> WORK INSTRUCTION: I would like the number of lines in the data that contain the word "from". Please give that number alone.

:: DATA PROVIDED

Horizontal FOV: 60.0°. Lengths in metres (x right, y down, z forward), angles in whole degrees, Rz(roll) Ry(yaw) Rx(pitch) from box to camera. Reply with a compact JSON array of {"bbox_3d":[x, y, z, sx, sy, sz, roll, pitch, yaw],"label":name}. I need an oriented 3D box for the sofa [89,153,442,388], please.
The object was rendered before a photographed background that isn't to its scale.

::::
:: DATA PROVIDED

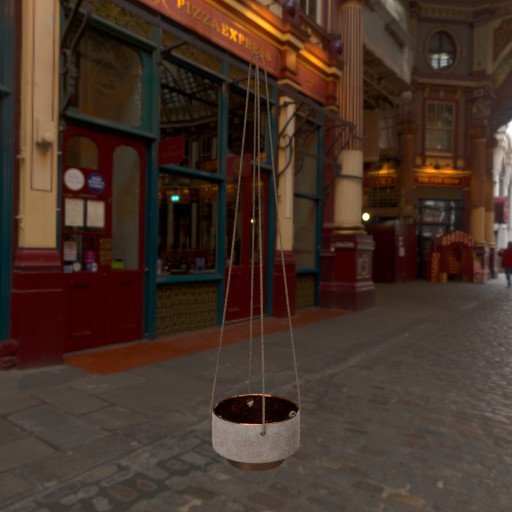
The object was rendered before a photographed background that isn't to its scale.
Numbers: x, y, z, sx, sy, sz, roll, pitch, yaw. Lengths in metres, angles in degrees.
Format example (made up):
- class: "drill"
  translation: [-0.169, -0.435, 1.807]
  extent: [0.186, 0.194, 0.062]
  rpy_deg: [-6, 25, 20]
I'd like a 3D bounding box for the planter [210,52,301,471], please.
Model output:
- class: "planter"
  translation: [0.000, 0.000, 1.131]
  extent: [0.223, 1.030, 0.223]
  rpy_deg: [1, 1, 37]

::::
:: DATA PROVIDED

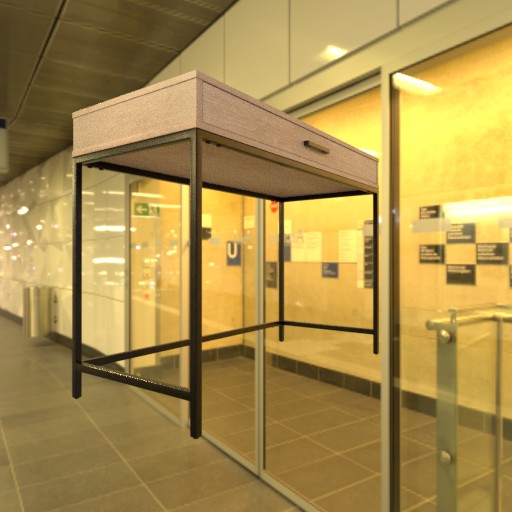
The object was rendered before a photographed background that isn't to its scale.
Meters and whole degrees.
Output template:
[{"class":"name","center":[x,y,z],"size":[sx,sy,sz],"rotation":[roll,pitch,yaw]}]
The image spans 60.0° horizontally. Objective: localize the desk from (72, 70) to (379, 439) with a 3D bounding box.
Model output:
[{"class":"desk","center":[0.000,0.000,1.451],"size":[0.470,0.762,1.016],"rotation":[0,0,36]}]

::::

> ANSWER TO THIS PROBLEM: 2